In an agreement recited to have been executed in December 1993, McCauley assigned the next five prize installments, payable on March 15 in each year from 1994 through 1998, to Singer Friedlander of New York, Inc., for a payment of $200,000. Under the agreement, the payment was conditioned on entry of a judicial order, to be acknowledged by the State, permitting the assign[583]*583ment and directing payment by the State to the assignee. This condition was necessary by virtue of a provision of the State Lottery statute, N.J.S.A. 5:9-13, which in the version in effect in 1994 prohibited assignment of prizes with certain exceptions, including payment “pursuant to an appropriate judicial order.” See Petition, of Singer Asset Finance Co., L.L.C., 314 N.J.Super. 116, 714 A.2d 322 (App.Div.1998); McCabe v. Director, N.J. Lottery Commission, 143 N.J.Super. 448, 363 A.2d 387 (Ch.Div.1976).1

Singer Friedlander’s rights under the assignment agreement were further assigned to Asset Guaranty Insurance Company, and an order permitting the assignment of the prize installments and directing their payment accordingly was entered, with the State’s consent, in Superior Court on March 4, 1994. McCauley thereupon received $200,000. He included that amount as ordinary income on his federal income tax return for 1994, but did not include it in any fashion on his New Jersey Gross Income Tax return for that year. The Director treated the entire amount as includable in gross income for 1994. After a timely protest by taxpayer, the Director issued a final determination; and this action followed. The material facts, as narrated above, have been stipulated by the parties, and cross-motions for summary judgment have been made.

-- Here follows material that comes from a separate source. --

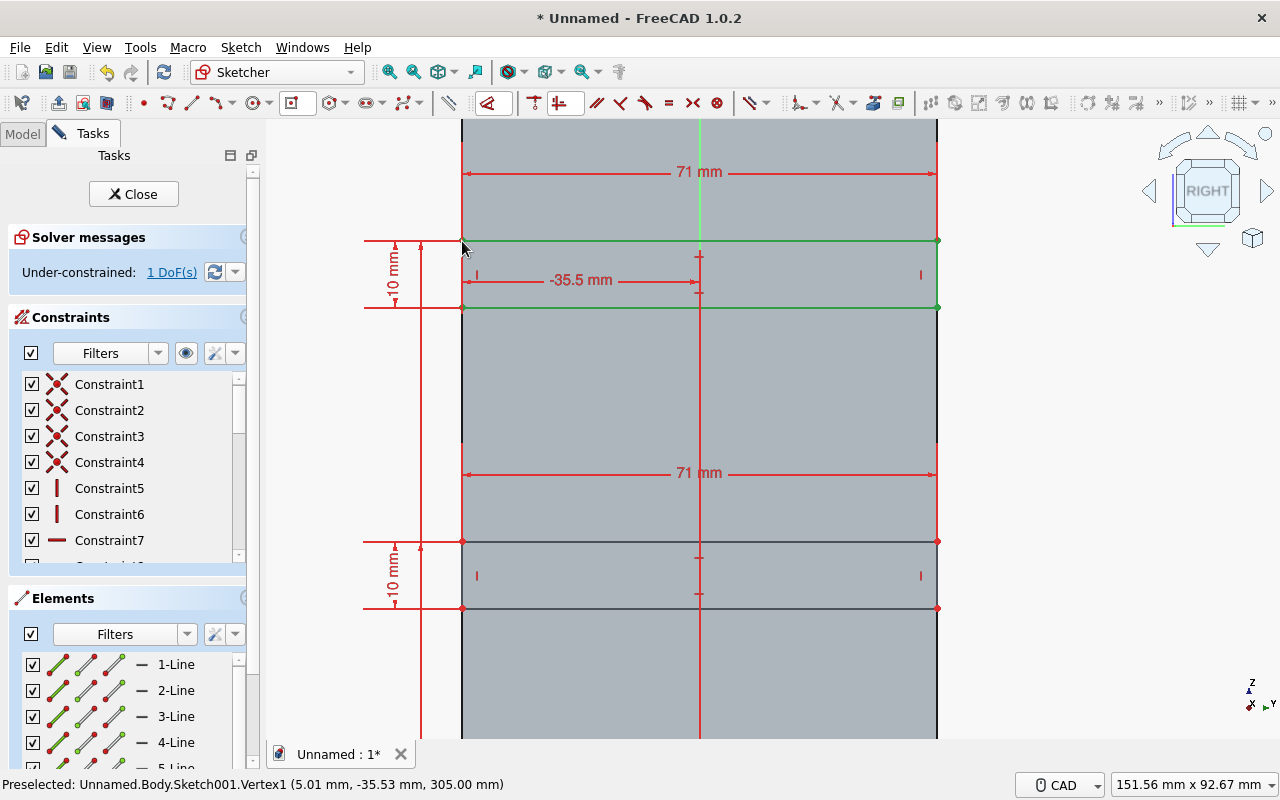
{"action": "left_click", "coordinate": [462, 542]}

The positions of the parties can be stated simply. The Director contends that the statutory exception for “lottery winnings” provided by N.J.S.A. 54A:6-11 is inapplicable to the $200,000 payment, which is considered to have been received in exchange for an asset transferred by assignment. Accordingly, the Director regards the transaction as a disposition of property resulting in a gain that is includable in gross income as part of “net gains or income from disposition of property” under N.J.S.A. 54A:5-1c. [584]*584The entire payment is treated as gain, since the taxpayer is considered to have a negligible basis in the asset transferred (viz. a portion of the one-dollar cost of the winning lottery ticket).

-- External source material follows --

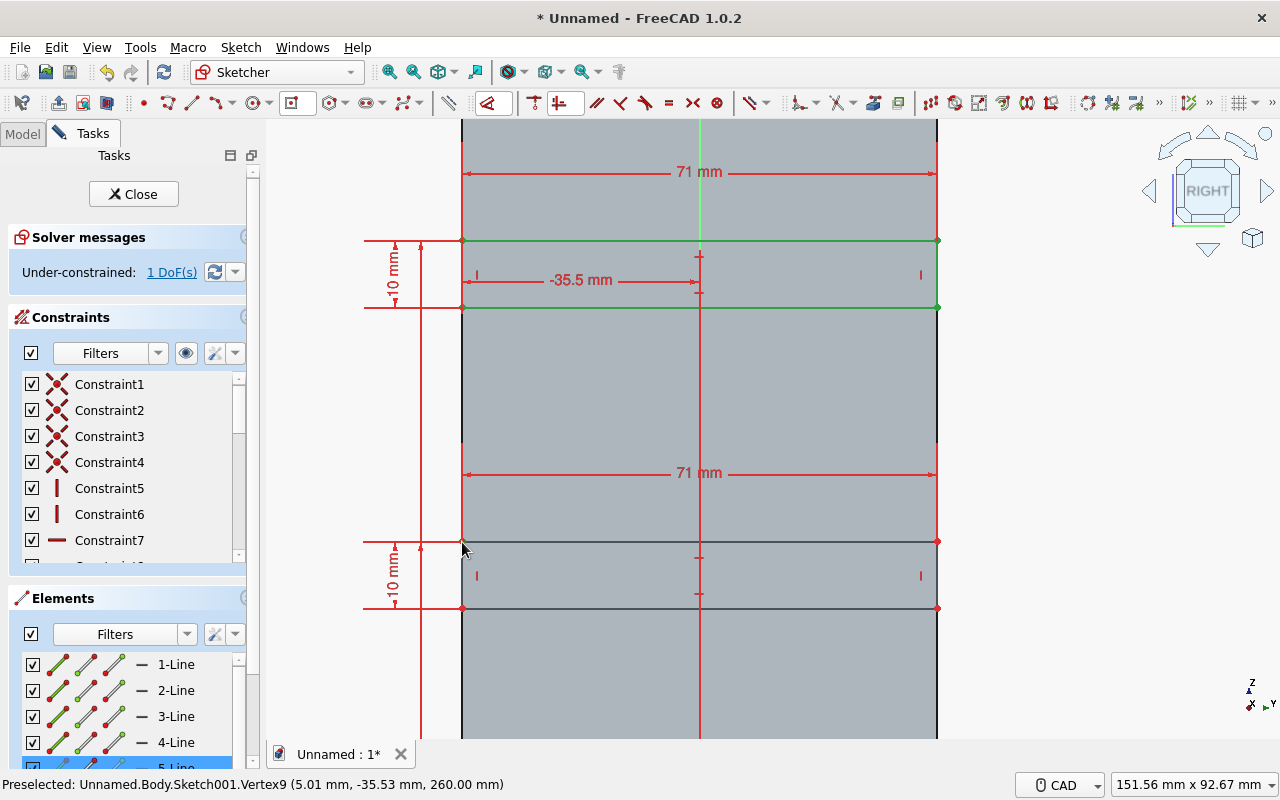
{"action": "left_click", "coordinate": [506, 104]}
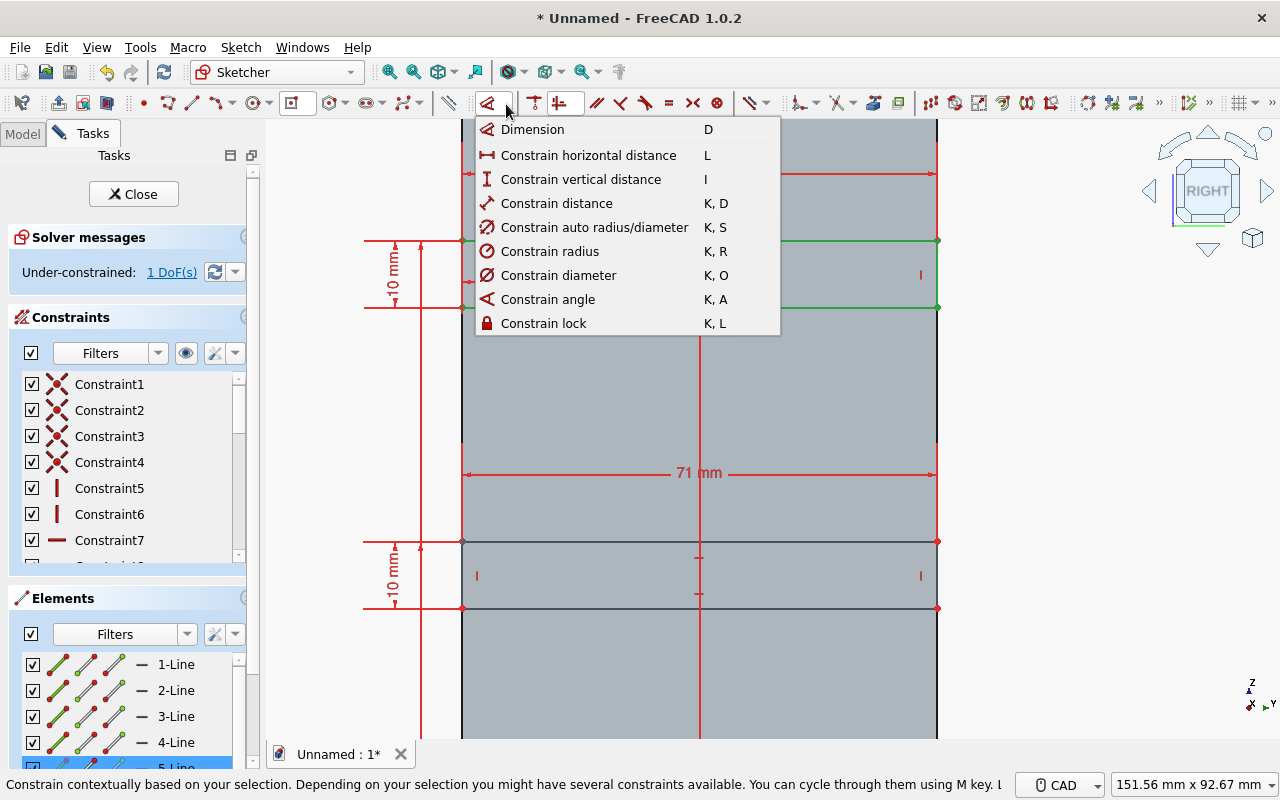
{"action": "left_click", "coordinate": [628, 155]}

The taxpayer characterizes the $200,000 as “acceleration” of the lottery prize installments to which the N.J.S.A. 54A:6-11 exemption applies. The transaction is also described as a “loan” in which the prize installments, although absolutely transferred by the assignment agreement, are considered to repay with interest the $200,000 advanced by the lender. Finally, the taxpayer contends that, if the transaction is a disposition of property, the particular disposition does not produce taxable income by virtue of an exclusion contained within N.J.S.A. 54A:5-1c. That exclusion provides:

The term “net gains or income” shall not include gains or income derived from obligations which are referred to in clause (1) or (2) of section 54A:6-14 of this act.

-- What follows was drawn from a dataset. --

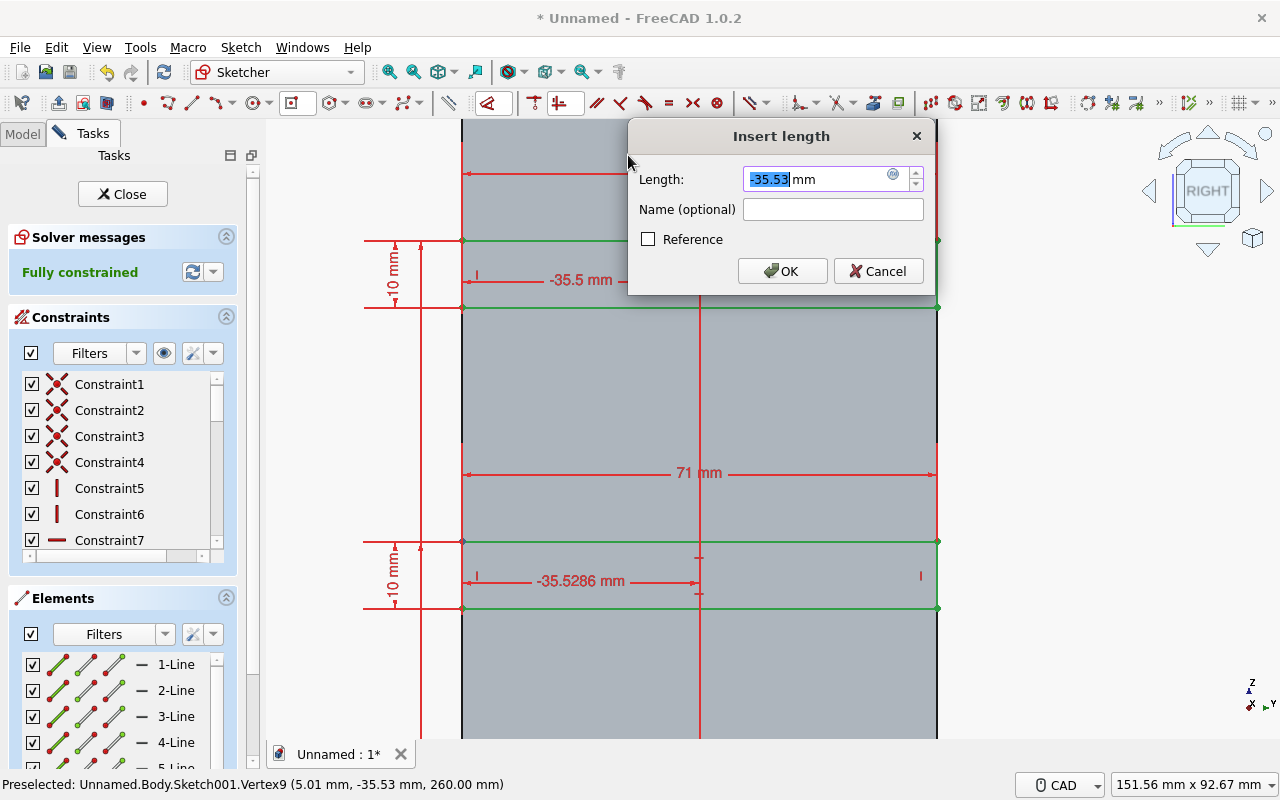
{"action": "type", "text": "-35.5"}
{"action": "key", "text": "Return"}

N.J.S.A. 54A:6-14, in turn, provides:

Gross income shall not include interest on obligations (1) issued by or on behalf of this State or any county, municipality, school or other district, agency, authority, commission, instrumentality, public corporation (including one created or existing pursuant to agreement or compact with this or any other state) body corporate and politic or political subdivision of this State, or (2) those obligations which are statutorily free from State or local taxation under any other act of this State or under the laws of the United States.

Characterizing the lottery prize installments as obligations within the meaning of the N.J.S.A. 54A:6-14, the taxpayer argues that gain upon their disposition is excluded from taxation under N.J.S.A. 54A:5-1c.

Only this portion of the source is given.